Copy exactly. Begin with the line that contains "9. rack frame [988,43,1090,607]" and stop after the last line of the records.
# # # # # # #
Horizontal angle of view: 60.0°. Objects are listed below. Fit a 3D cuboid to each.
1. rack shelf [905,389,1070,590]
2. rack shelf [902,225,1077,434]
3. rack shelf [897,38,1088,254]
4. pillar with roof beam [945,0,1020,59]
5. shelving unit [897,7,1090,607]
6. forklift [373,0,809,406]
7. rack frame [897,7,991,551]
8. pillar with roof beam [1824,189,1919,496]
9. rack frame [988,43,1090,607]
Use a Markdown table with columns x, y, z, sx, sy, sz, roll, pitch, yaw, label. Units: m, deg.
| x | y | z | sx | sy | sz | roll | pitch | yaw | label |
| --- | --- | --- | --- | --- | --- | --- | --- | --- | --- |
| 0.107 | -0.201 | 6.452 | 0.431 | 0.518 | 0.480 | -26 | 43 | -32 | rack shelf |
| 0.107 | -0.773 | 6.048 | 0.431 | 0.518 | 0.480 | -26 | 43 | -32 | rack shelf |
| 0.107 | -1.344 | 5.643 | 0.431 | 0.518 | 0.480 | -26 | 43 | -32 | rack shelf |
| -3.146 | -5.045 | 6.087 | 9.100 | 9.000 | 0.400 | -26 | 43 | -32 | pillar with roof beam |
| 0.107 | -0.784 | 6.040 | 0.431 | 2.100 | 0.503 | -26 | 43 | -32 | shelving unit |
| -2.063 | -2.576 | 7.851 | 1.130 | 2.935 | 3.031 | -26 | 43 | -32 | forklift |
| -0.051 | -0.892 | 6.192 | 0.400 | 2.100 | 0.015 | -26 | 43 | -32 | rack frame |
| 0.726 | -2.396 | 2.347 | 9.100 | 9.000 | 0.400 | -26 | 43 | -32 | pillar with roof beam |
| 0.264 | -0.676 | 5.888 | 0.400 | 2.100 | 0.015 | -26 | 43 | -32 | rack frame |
# # # # # # #
• WRITTEN ANSWER:
9. rack frame [988,43,1090,607]
Use a Markdown table with columns x, y, z, sx, sy, sz, roll, pitch, yaw, label. Units: m, deg.
| x | y | z | sx | sy | sz | roll | pitch | yaw | label |
| --- | --- | --- | --- | --- | --- | --- | --- | --- | --- |
| 0.107 | -0.201 | 6.452 | 0.431 | 0.518 | 0.480 | -26 | 43 | -32 | rack shelf |
| 0.107 | -0.773 | 6.048 | 0.431 | 0.518 | 0.480 | -26 | 43 | -32 | rack shelf |
| 0.107 | -1.344 | 5.643 | 0.431 | 0.518 | 0.480 | -26 | 43 | -32 | rack shelf |
| -3.146 | -5.045 | 6.087 | 9.100 | 9.000 | 0.400 | -26 | 43 | -32 | pillar with roof beam |
| 0.107 | -0.784 | 6.040 | 0.431 | 2.100 | 0.503 | -26 | 43 | -32 | shelving unit |
| -2.063 | -2.576 | 7.851 | 1.130 | 2.935 | 3.031 | -26 | 43 | -32 | forklift |
| -0.051 | -0.892 | 6.192 | 0.400 | 2.100 | 0.015 | -26 | 43 | -32 | rack frame |
| 0.726 | -2.396 | 2.347 | 9.100 | 9.000 | 0.400 | -26 | 43 | -32 | pillar with roof beam |
| 0.264 | -0.676 | 5.888 | 0.400 | 2.100 | 0.015 | -26 | 43 | -32 | rack frame |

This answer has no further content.